Whilst such violent crimes continued unabated, corruption and white-collar crimes committed by high office holders and even our hypocritical politicians are also on the rise.
Investigations or commissions of inquiries into high profile scandals, corruption or embezzlement of millions of Kina were never ever completed.
Even if the current Commission of Inquiry into Finance is completed, PNG will live up to its traditional norm that those implicated will never be prosecuted.
Even if such cases were prosecuted, they would soon be swept under the carpet and forgotten.
Who can ever forget the Julian Moti CoI? What has happened to it?
Just an hour prior to me writing this letter, a young boy from Lufa district was caught stealing a can of Ox & Palm corned beef and a Wopa biscuit.
The boy was beaten up by security guards before being handed over to police.
The poor boy could be convicted and sentenced to serve a jail term because he belongs to the “unfortunate system class”, unlike our politicians.
I will not be surprised if the Taiwanese scandal will be swept under the carpet.
What PNG needs is to take a drastic and radical approach to rid itself of this sickening moral decay.

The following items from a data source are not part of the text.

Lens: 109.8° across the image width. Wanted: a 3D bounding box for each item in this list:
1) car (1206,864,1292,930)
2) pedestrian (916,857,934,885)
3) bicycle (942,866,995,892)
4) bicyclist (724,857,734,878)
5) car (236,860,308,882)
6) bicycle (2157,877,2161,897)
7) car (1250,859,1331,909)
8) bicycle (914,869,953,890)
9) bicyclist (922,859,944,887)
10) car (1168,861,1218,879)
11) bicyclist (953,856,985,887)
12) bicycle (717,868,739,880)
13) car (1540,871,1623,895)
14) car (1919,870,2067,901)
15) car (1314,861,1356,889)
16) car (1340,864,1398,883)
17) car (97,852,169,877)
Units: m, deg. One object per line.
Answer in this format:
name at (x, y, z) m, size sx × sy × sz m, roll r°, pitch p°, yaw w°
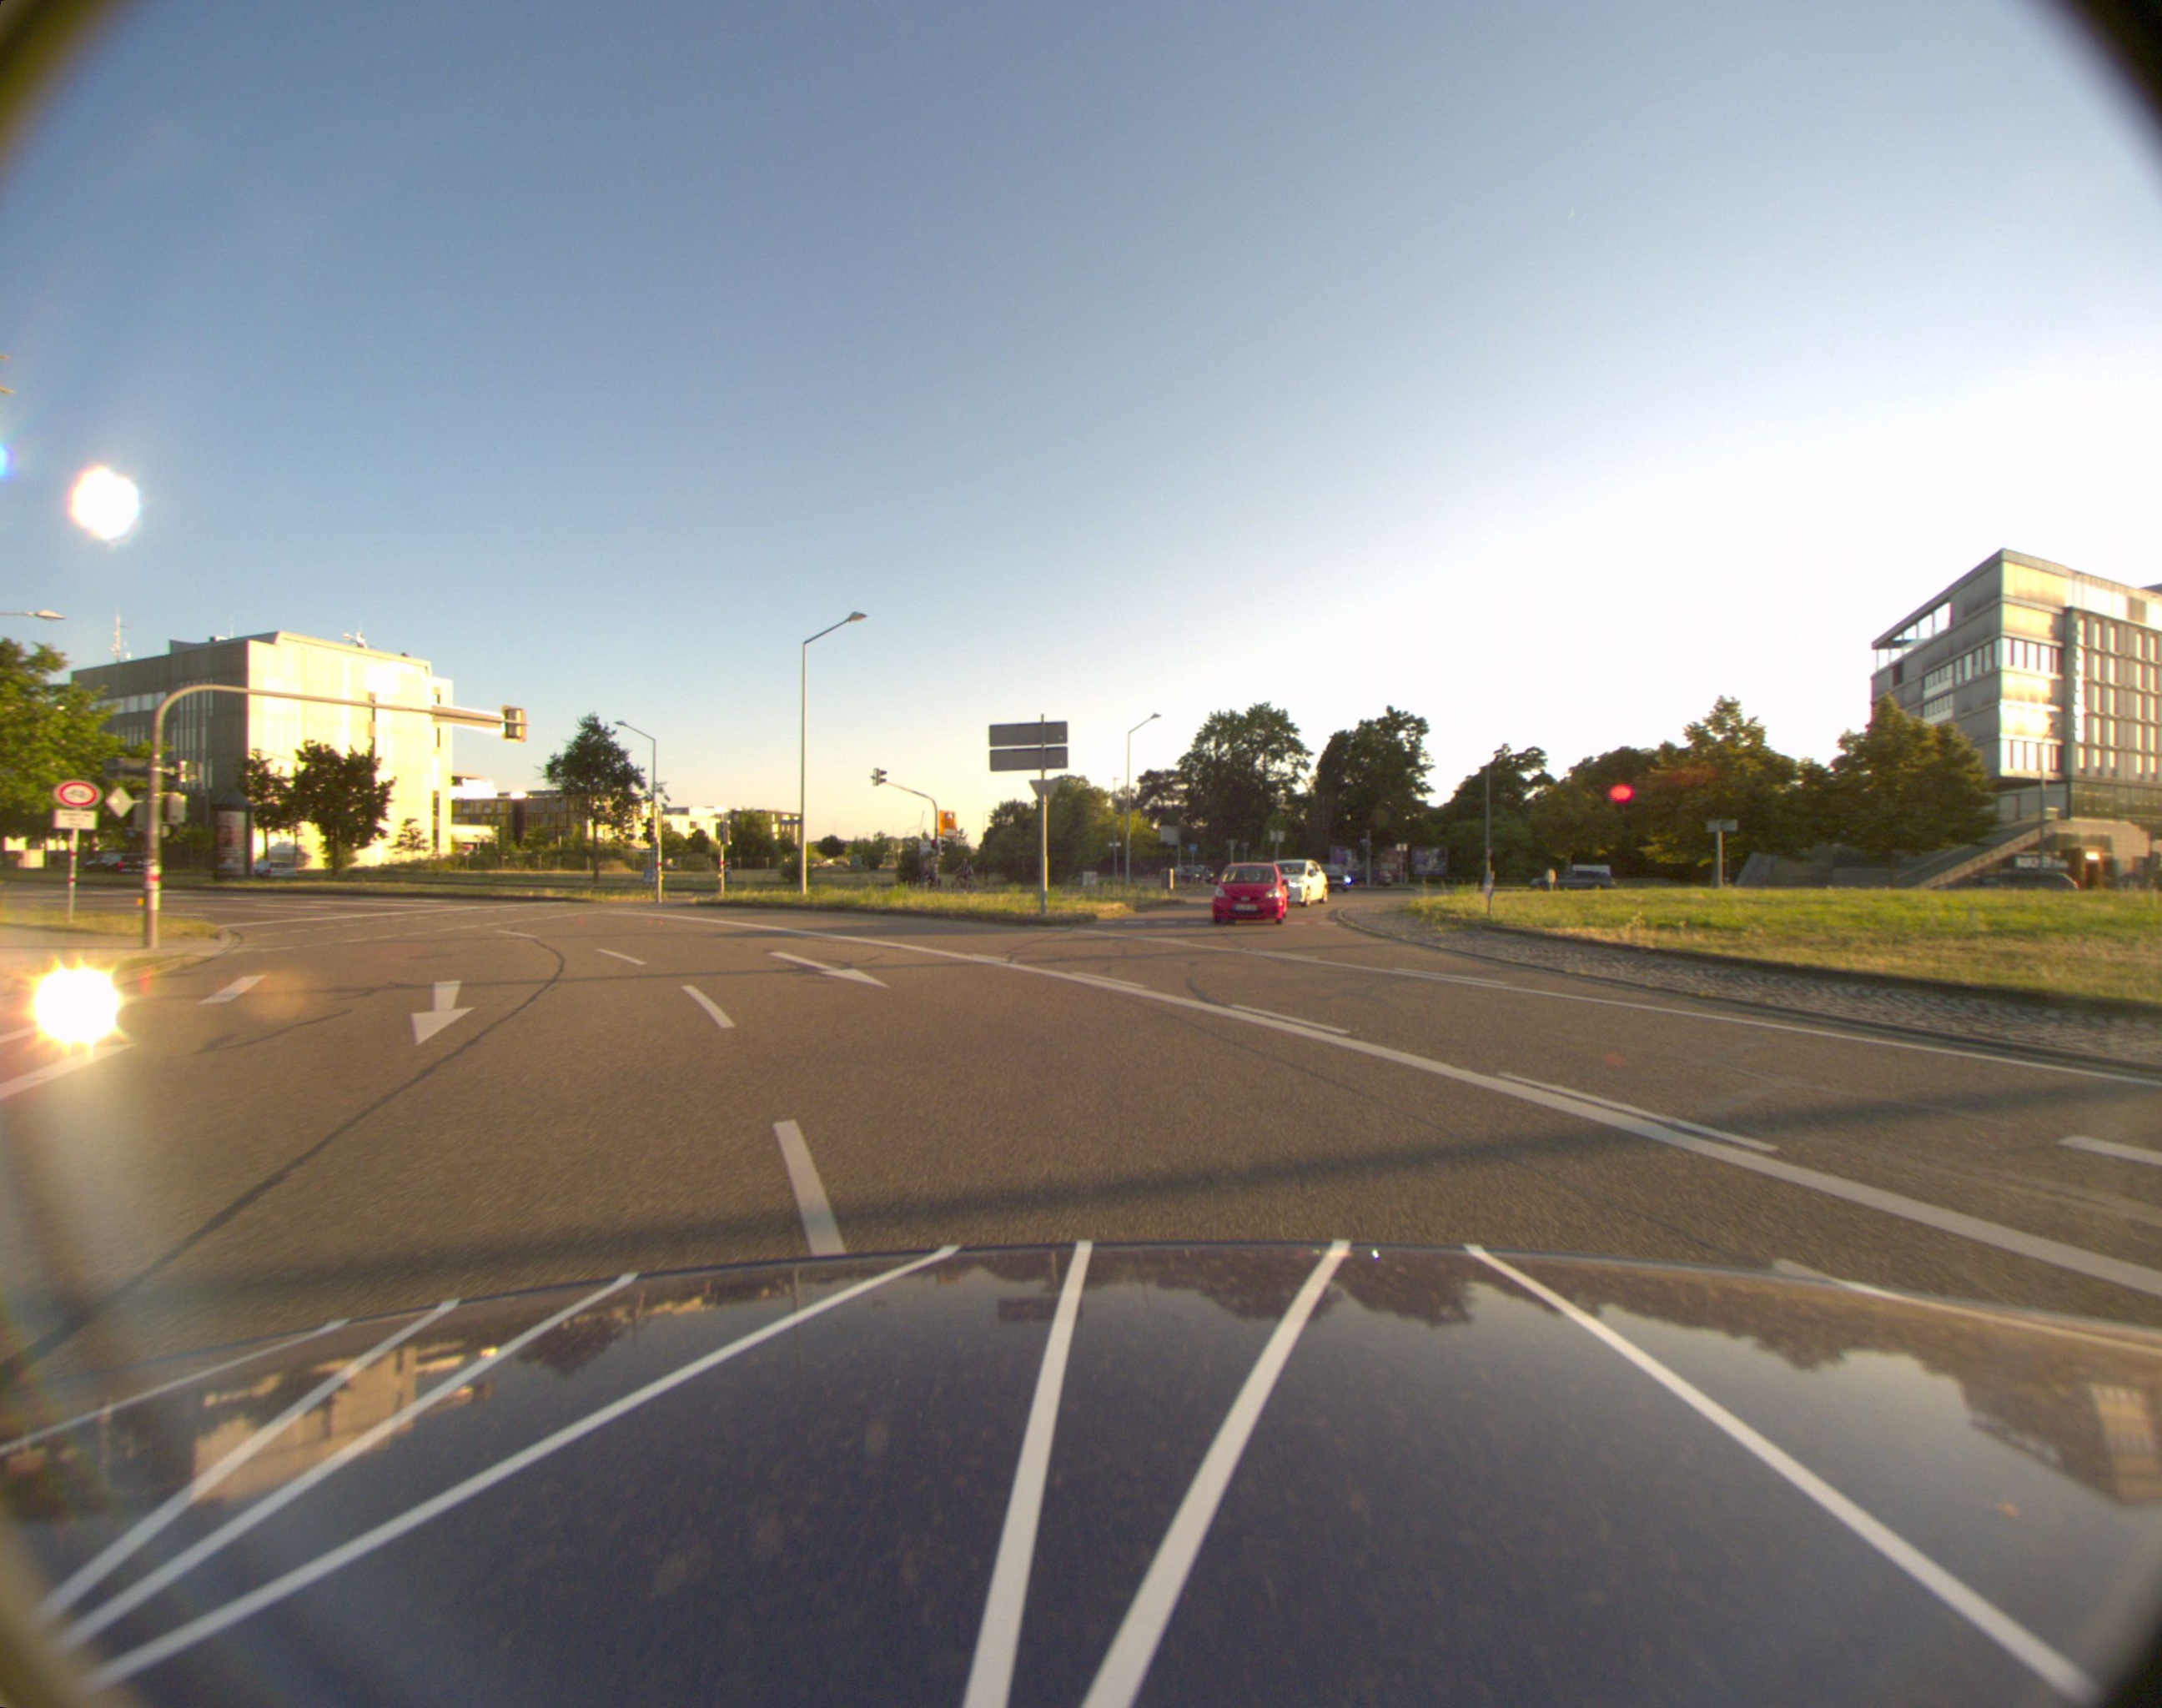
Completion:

One possible option for PNG to fully adapt and embrace the ideology of former Goroka MP Hire Kimisopa to bring back the Australians so that they fill all the key Government positions.
Apart from Australia, we can also bring in expatriates from UK, New Zealand, Canada and the US to head our Government institutions and agencies.
Not only should expatriates head these institutions, they will have to be placed in key positions where they are able to thwart any potential corruption practices.
I’m sure the expatriates can instill confidence, discipline and eradicate the current negative trend.
Mister Supa, I’m right with you on everything that you say about our problems. Where I begin to think more critically is where you write, “One possible option . . .” I agree that it would be a possible option, if we lived in a more tolerant universe. However, in the real world of 21st century PNG, I can’t see how it could possibly be culturally acceptable.
I’ve been here since 1981. I cannot tell you how many times that I’ve heard sentiments such as, “Everything would be better if Australia would come back and run things.” Frankly, this makes me very sad. I am not a Citizen of PNG; I’m a Permanent Resident. If it were practical for me to become a Citizen, I would. Unfortunately, it appears that it would take more years to become a Citizen than I likely have left to live.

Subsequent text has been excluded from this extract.